Solférino : 24 juin 1859

Broché: 218 pages
Editeur : Librairie Académique Perrin (16 février 2012)
Langue : Français
ISBN-10: 226203706X
ISBN-13: 978-2262037062
Dimensions : 20 x 13,2 x 2,6 cm

 Solférino : 24 juin 1859

Le 24 juin 1859, à Solférino, en Italie septentrionale, l’armée franco-sarde emmenée par l’empereur Napoléon III battait l’armée autrichienne placée sous le commandement du tout jeune empereur François-Joseph. A cette époque, les nationalités commençaient tout juste à émerger ; l’Allemagne et l’Italie n’avaient pas encore réalisé leur unité. La guerre de ce temps-là oppose des empires. Elle a généralement lieu sur le sol européen.
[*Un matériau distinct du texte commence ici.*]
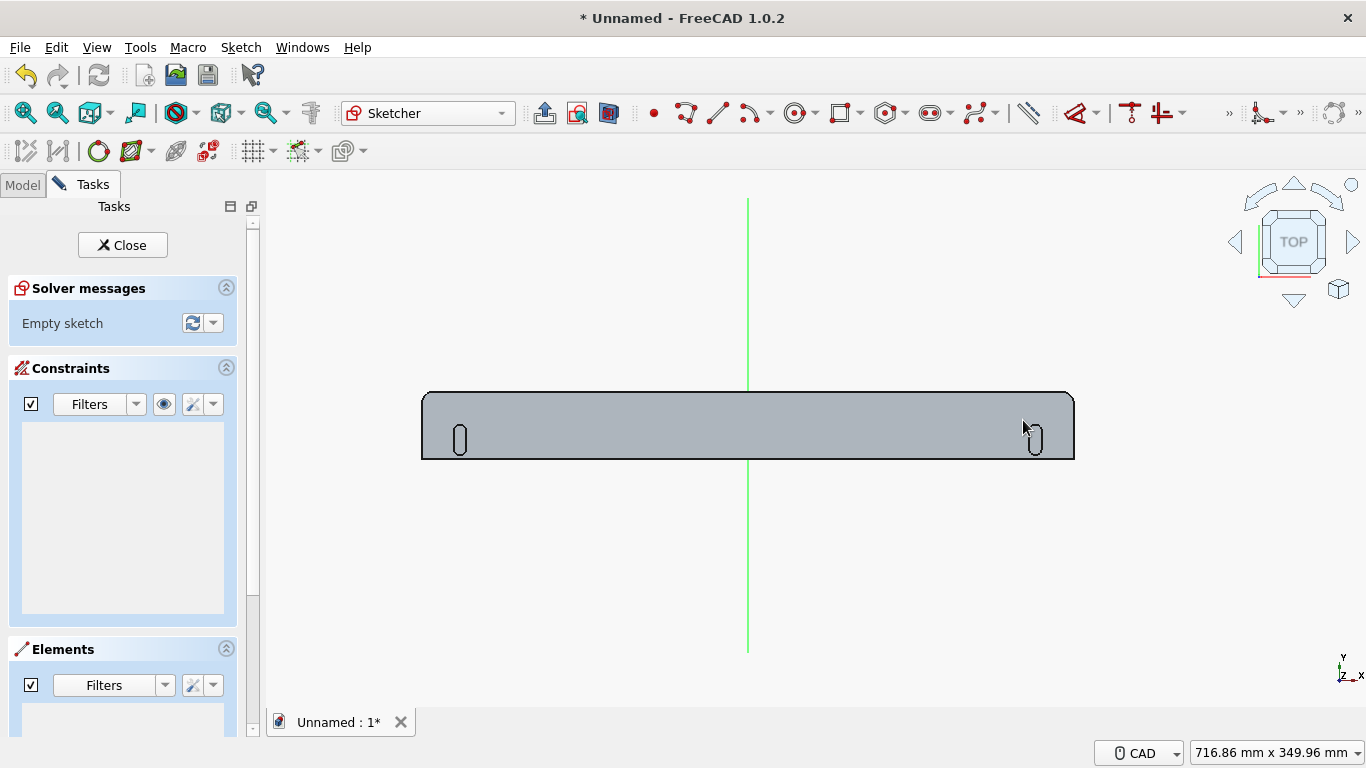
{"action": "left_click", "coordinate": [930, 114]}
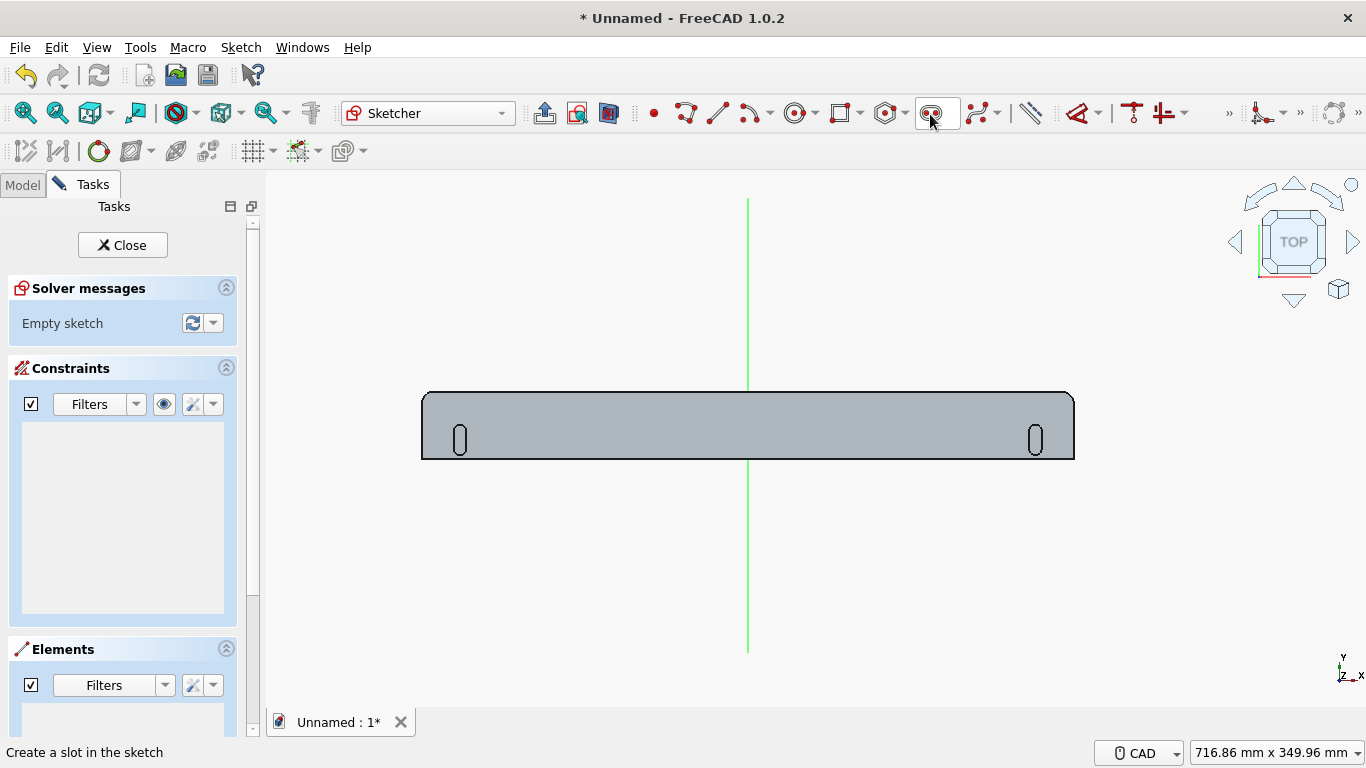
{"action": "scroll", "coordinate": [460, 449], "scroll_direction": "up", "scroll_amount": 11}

Plus tard, avec la colonisation, les conflits seront délocalisés outre-mer où l’on voudra se partager le monde à coups de zones d’influence. Sous ce regard, Solférino est une bataille importante car c’est elle qui marque le point de départ de l’unité italienne sous la prédominance de la Maison de Piémont – Savoie. Elle met en jeu des armements modernes : fusil à grande cadence de tir pour les Autrichiens, artillerie moderne chez les Français. Tactiquement, Solférino n’a rien à voir avec Austerlitz et Friedland. Le neveu est une bien pâle copie du grand oncle. La bataille de Solférino voit donc s’affronter deux énormes masses, front contre front, sans idée de manœuvre. Un tel affrontement ne peut que tourner à la boucherie. Le soir de la bataille,  un jeune Suisse du nom d’Henri Dunant parcourt, terrifié, le champ du massacre au milieu des cris de souffrance des blessés. Cette humanité à l’agonie ne peut être abandonnée sans soin : la Croix Rouge est née.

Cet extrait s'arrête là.